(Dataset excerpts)
# # # #

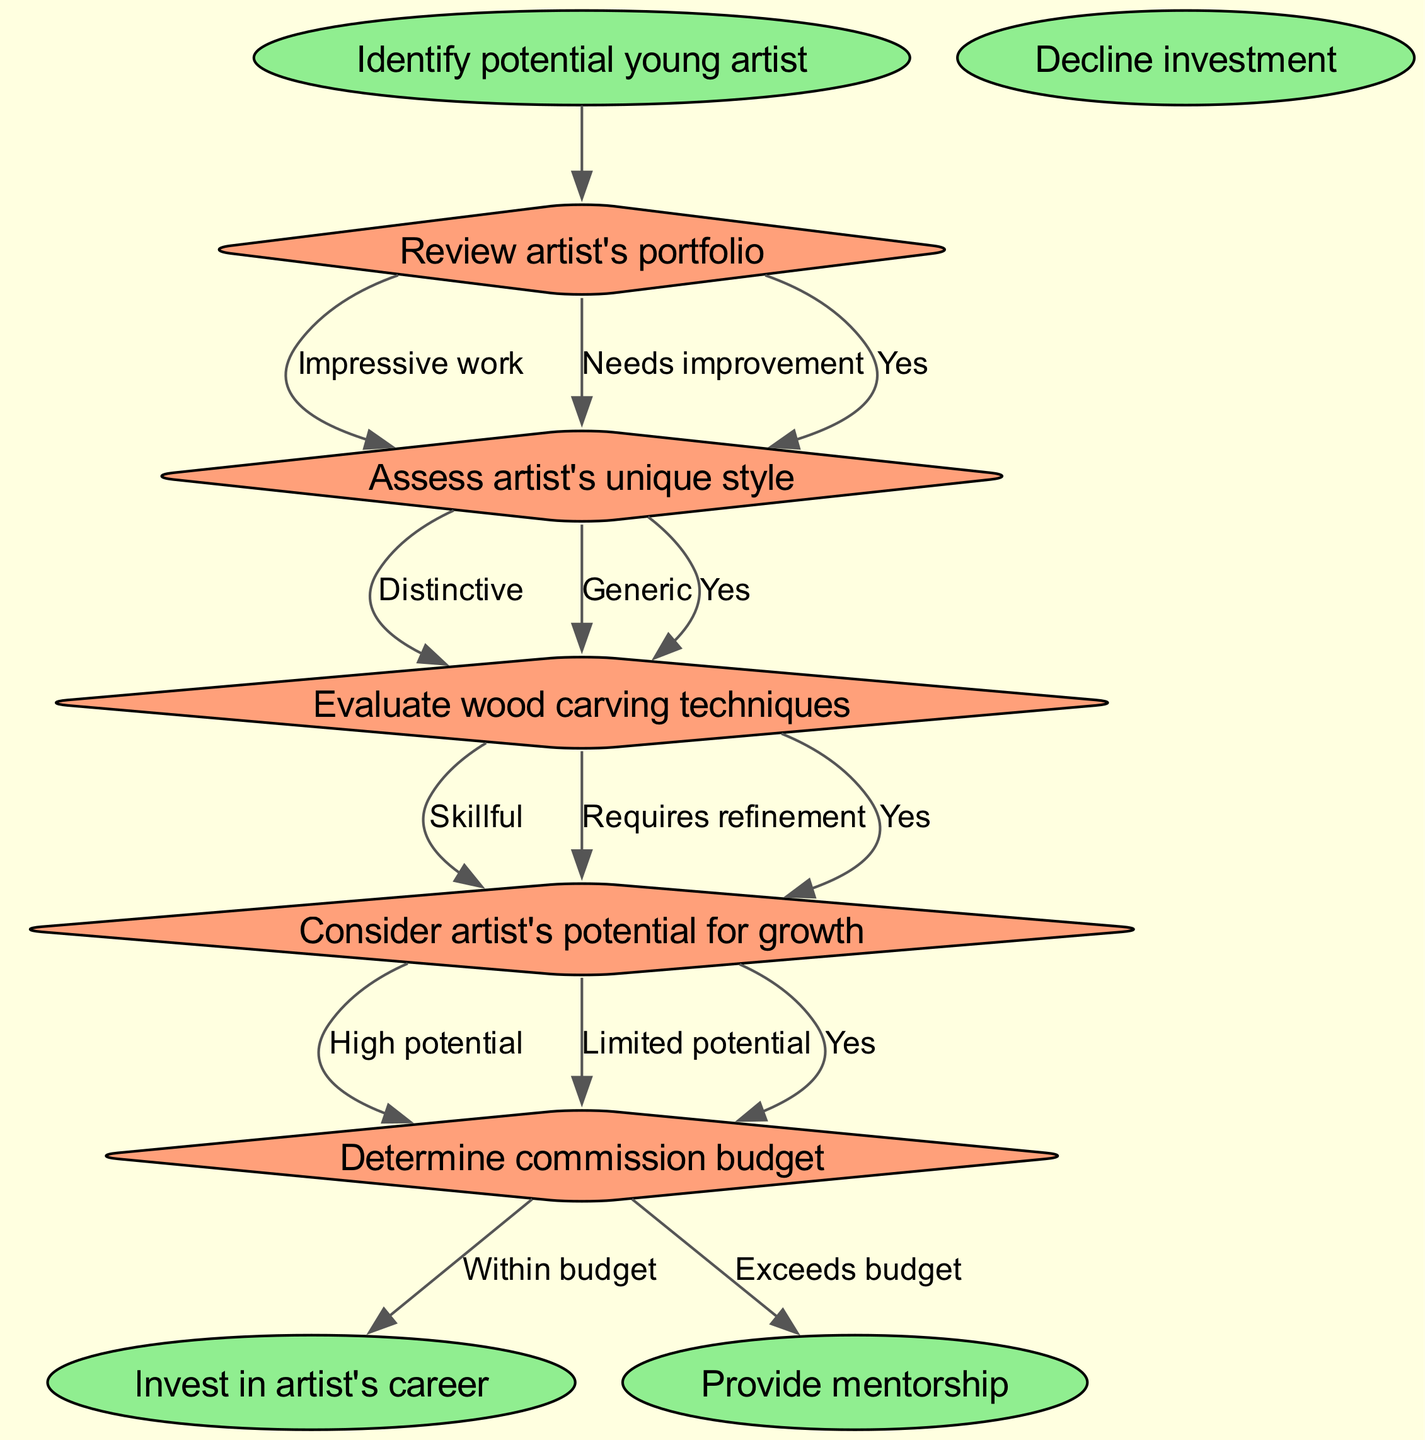What is the first decision node in the flow chart? The first decision node listed in the diagram is to "Review artist's portfolio." This is directly derived from the first element in the "decisions" section of the provided data.
Answer: Review artist's portfolio How many end nodes are there in the flow chart? The end nodes in this flow chart are explicitly mentioned in the "endNodes" section. There are three end nodes: "Invest in artist's career," "Provide mentorship," and "Decline investment." Counting these gives the answer.
Answer: 3 What are the two edges labeled under the decision node "Assess artist's unique style"? The edges that stem from the node "Assess artist's unique style" are "Distinctive" and "Generic." These labels can be found under the specified decision node in the provided data.
Answer: Distinctive, Generic What does a "Yes" edge indicate in this flow chart? The "Yes" edge typically indicates a positive outcome or agreement at a decision point, leading to the next logical step or decision in the flow. This context is derived from the structure of the flow chart where "Yes" leads to subsequent decisions.
Answer: Positive outcome If an artist's portfolio is impressive and their style is distinctive, what is the likely outcome regarding investment? If both the portfolio is impressive and the style is distinctive, this would suggest a positive evaluation leading to continued assessment of the artist's growth potential, ultimately likely resulting in investment. The reasoning follows the arrows and conditions outlined in the flow chart.
Answer: Invest in artist's career What does the decision node "Determine commission budget" lead to if the budget exceeds the allocation? If the decision under "Determine commission budget" indicates that the budget "Exceeds budget," then this node leads to "Decline investment," as it signifies an inability to fund the artist's work based on financial constraints. This is evident from the flow structure back to the associated end node.
Answer: Decline investment What is evaluated after reviewing the artist's portfolio? After the "Review artist's portfolio" decision node, the subsequent node evaluated is "Assess artist's unique style." This connection is directly tied to the flow chart's sequence, reflecting the logic of the decision-making process.
Answer: Assess artist's unique style What potential outcomes can arise from the last decision node regarding growth potential? The last decision node, "Consider artist's potential for growth," can lead to outcomes of either "High potential" or "Limited potential." These are the edges that branch from this decision, indicating the possible paths based on evaluation results.
Answer: High potential, Limited potential 
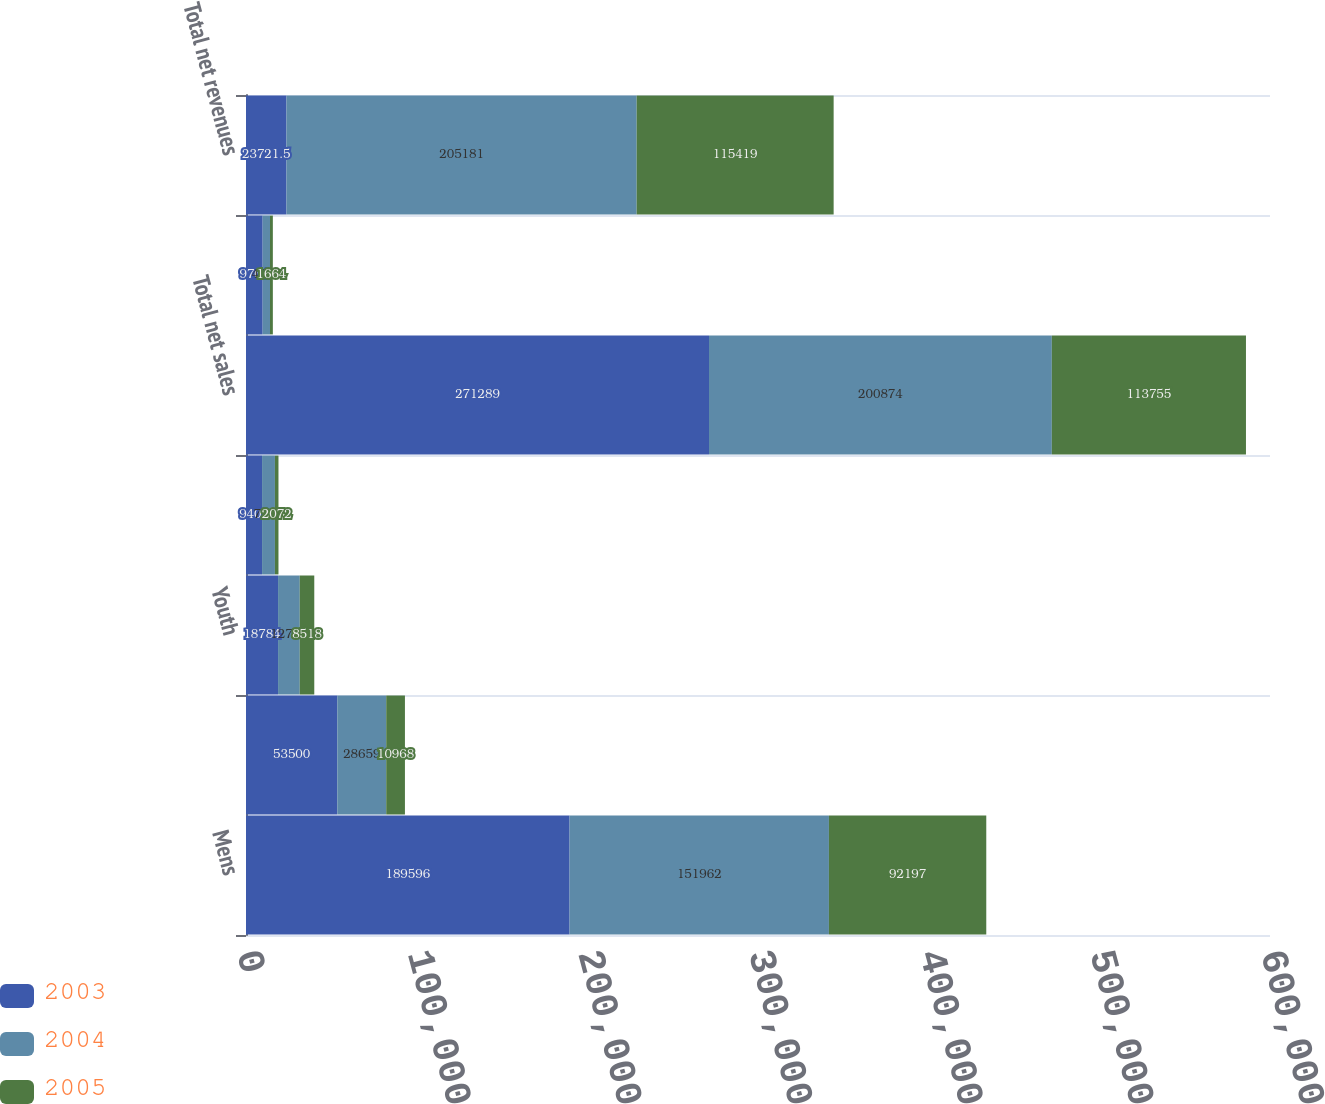Convert chart. <chart><loc_0><loc_0><loc_500><loc_500><stacked_bar_chart><ecel><fcel>Mens<fcel>Womens<fcel>Youth<fcel>Accessories<fcel>Total net sales<fcel>License revenues<fcel>Total net revenues<nl><fcel>2003<fcel>189596<fcel>53500<fcel>18784<fcel>9409<fcel>271289<fcel>9764<fcel>23721.5<nl><fcel>2004<fcel>151962<fcel>28659<fcel>12705<fcel>7548<fcel>200874<fcel>4307<fcel>205181<nl><fcel>2005<fcel>92197<fcel>10968<fcel>8518<fcel>2072<fcel>113755<fcel>1664<fcel>115419<nl></chart>

# # # #

(Work item): All that is wanted is a faithful reproduction of the line above with "Answer: Positive outcome", the line with "Answer: High potential, Limited potential", and every line in between.

(Completed task):
Answer: Positive outcome If an artist's portfolio is impressive and their style is distinctive, what is the likely outcome regarding investment? If both the portfolio is impressive and the style is distinctive, this would suggest a positive evaluation leading to continued assessment of the artist's growth potential, ultimately likely resulting in investment. The reasoning follows the arrows and conditions outlined in the flow chart.
Answer: Invest in artist's career What does the decision node "Determine commission budget" lead to if the budget exceeds the allocation? If the decision under "Determine commission budget" indicates that the budget "Exceeds budget," then this node leads to "Decline investment," as it signifies an inability to fund the artist's work based on financial constraints. This is evident from the flow structure back to the associated end node.
Answer: Decline investment What is evaluated after reviewing the artist's portfolio? After the "Review artist's portfolio" decision node, the subsequent node evaluated is "Assess artist's unique style." This connection is directly tied to the flow chart's sequence, reflecting the logic of the decision-making process.
Answer: Assess artist's unique style What potential outcomes can arise from the last decision node regarding growth potential? The last decision node, "Consider artist's potential for growth," can lead to outcomes of either "High potential" or "Limited potential." These are the edges that branch from this decision, indicating the possible paths based on evaluation results.
Answer: High potential, Limited potential 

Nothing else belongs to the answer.